= YOUR GOAL =
Without any images, output the records below verbatim.

━━━ SUPPLIED INFORMATION

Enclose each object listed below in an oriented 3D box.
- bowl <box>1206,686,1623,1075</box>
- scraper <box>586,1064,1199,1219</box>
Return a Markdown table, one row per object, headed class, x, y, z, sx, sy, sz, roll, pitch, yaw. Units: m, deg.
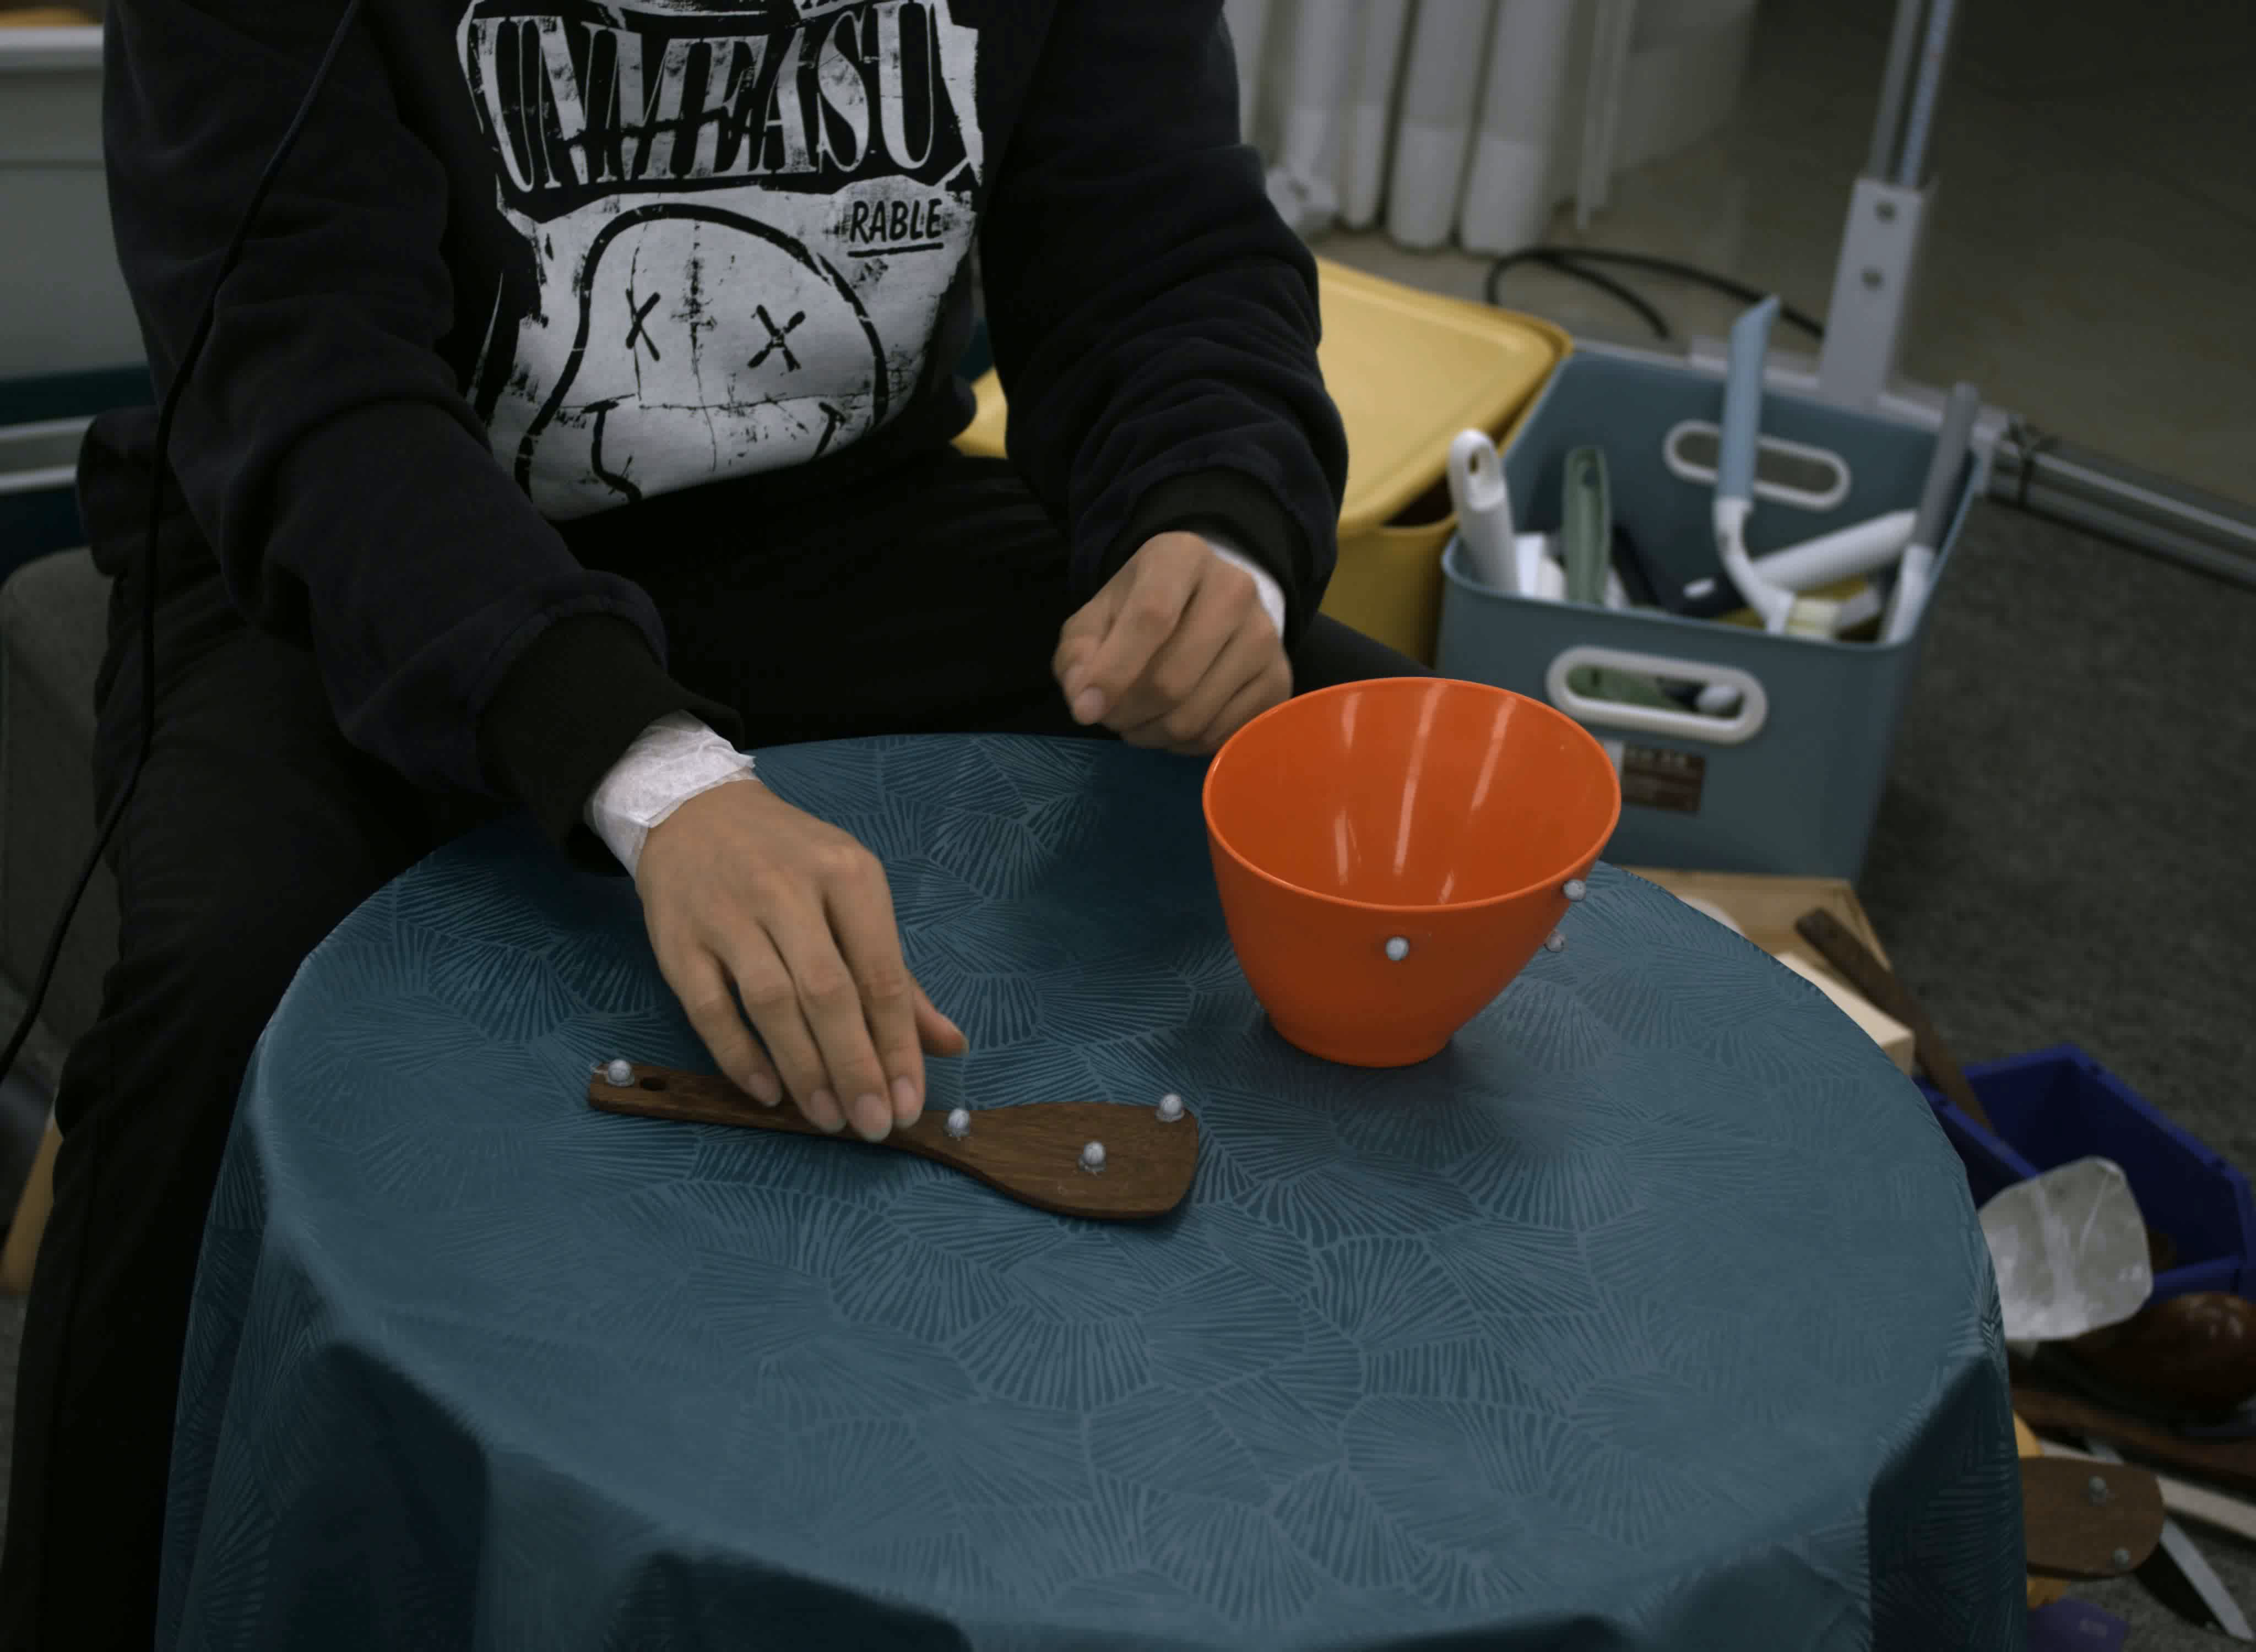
| class | x | y | z | sx | sy | sz | roll | pitch | yaw |
| --- | --- | --- | --- | --- | --- | --- | --- | --- | --- |
| bowl | 0.097 | 0.026 | 1.905 | 0.147 | 0.104 | 0.149 | 5 | 27 | -3 |
| scraper | -0.081 | 0.103 | 1.814 | 0.211 | 0.011 | 0.076 | 8 | 25 | 5 |

━━━━━━

= ANSWER TO THIS EXERCISE =
Enclose each object listed below in an oriented 3D box.
- bowl <box>1206,686,1623,1075</box>
- scraper <box>586,1064,1199,1219</box>
Return a Markdown table, one row per object, headed class, x, y, z, sx, sy, sz, roll, pitch, yaw. Units: m, deg.
| class | x | y | z | sx | sy | sz | roll | pitch | yaw |
| --- | --- | --- | --- | --- | --- | --- | --- | --- | --- |
| bowl | 0.097 | 0.026 | 1.905 | 0.147 | 0.104 | 0.149 | 5 | 27 | -3 |
| scraper | -0.081 | 0.103 | 1.814 | 0.211 | 0.011 | 0.076 | 8 | 25 | 5 |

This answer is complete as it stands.